Sunday, April 5, 2015

42099:: In which I mull over telling the truth

Not so many years ago, I would have been spending this day like many others: wedging myself into an already over-crowded church, wearing a new outfit and shoes that turned out to be a bad choice, wondering who all these "new" people are in church today, to be followed by a rousing hunt in the garden with dyed eggs and too much candy, followed by photos of children in their frilly dresses and over-flowing baskets of booty.

Instead, I am sitting in my robe with my cup of tea at the kitchen table listening to the dishwasher work its magic on yesterday's dishes, watching the cat freak out and run inside at the bursts of wind and blowing leaves, and laying out my paperwork to get the taxes finished.

So what happened to me to turn me into an anti-Easter, church-ditching Scrooge? I guess you could say, "Truth."

Looking back, I think my search began long before I became aware of it. I recall a discussion with my then brand new sister-in-law about my discomfort with lying to children about things like Santa Claus and the Easter bunny. My reasoning was, how can we expect children to believe us when we tell them that God and Jesus are not made up stories when we mix the truth of "important holidays" such as Christmas and Easter with Santa and bunnies and eggs. Her reply was, "Just wait until you have kids of your own." Meaning, I suppose, that the pressure to conform to what other families and churches and children are doing during these seasons is enough to make you lay down your questions and convictions. And she was right.

I did not have the strength to be "that mother" who spoiled the fun for her children by denying them the innocent fun of wearing K-Mart costumes while dragging pillowcases around the neighborhood to stock up on candy that I did not want them to eat, followed by sitting on a stranger's lap in the mall to get a piece of candy after drilling them about never taking candy from strangers, followed by pasting heart-shaped doilies and stickers onto cards made of red construction paper to give to others in exchange for cupcakes with so much red dye that it came out looking like they'd eaten beets the day before, followed by wearing green clothing to placate imaginary arm-pinching leprechauns and eating cupcakes with so much green dye that it came out looking like they'd eaten... well, green dye the day before. And on the heels of all this mindless, sugar-filled frivolity was the capper: dying eggs no one will eat, filling plastic eggs with candy no one will eat, and arguing about "who ate the ears off my chocolate bunny" until Mom or Dad takes them all away and puts them in the freezer - while all the while pretending that these activities are harmless because we have turned them into opportunities to teach our children about "Jesus."
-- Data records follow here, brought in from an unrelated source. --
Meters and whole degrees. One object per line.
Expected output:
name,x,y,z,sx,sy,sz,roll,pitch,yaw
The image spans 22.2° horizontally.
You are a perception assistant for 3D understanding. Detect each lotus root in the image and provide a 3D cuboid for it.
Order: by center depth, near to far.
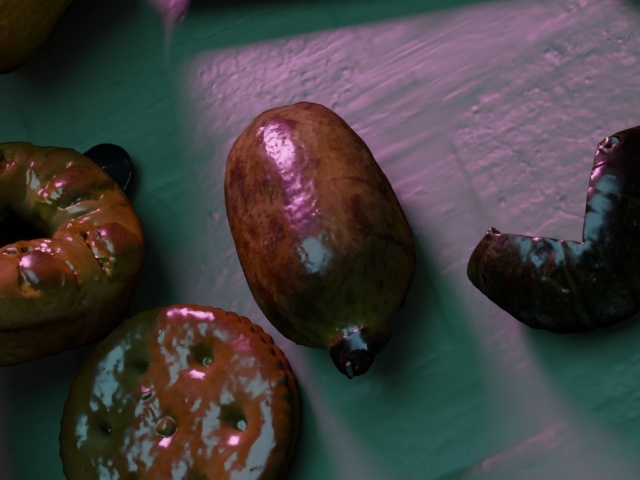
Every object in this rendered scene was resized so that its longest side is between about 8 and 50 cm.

Until I wondered why my children walked away from church and its hypocrisy.

How do we get ourselves into that place where we sacrifice truth and our convictions for fitting into whatever is currently perceived as "the norm"? I have even heard it preached from pulpits that "even though this holiday started out to mean that, it now means this." I suppose the idea is that we can redeem practices that originated as worship of false deities by slapping a Jesus sticker on them. That's what it meant to them, but this is what it means to us now, so now it's O.K.

Then I read this: Deuteronomy 12:29-32 - When the LORD your God cuts off before you the nations whom you go in to dispossess, and you dispossess them and dwell in their land, take care that you be not ensnared to follow them, after they have been destroyed before you, and that you do not inquire about their gods, saying, ‘How did these nations serve their gods?—that I also may do the same.’ You shall not worship the LORD your God in that way, for every abominable thing that the LORD hates they have done for their gods, for they even burn their sons and their daughters in the fire to their gods. “Everything that I command you, you shall be careful to do. You shall not add to it or take from it.

It saddens me that I did not have the confidence to live out the truth I believe in and lost many opportunities to impart that truth to my children. It does not escape my notice that we might all be in a different place spiritually had I not knuckled-under to the pressure of being normal and accepted by people whose opinions do not really matter in the scope of eternity.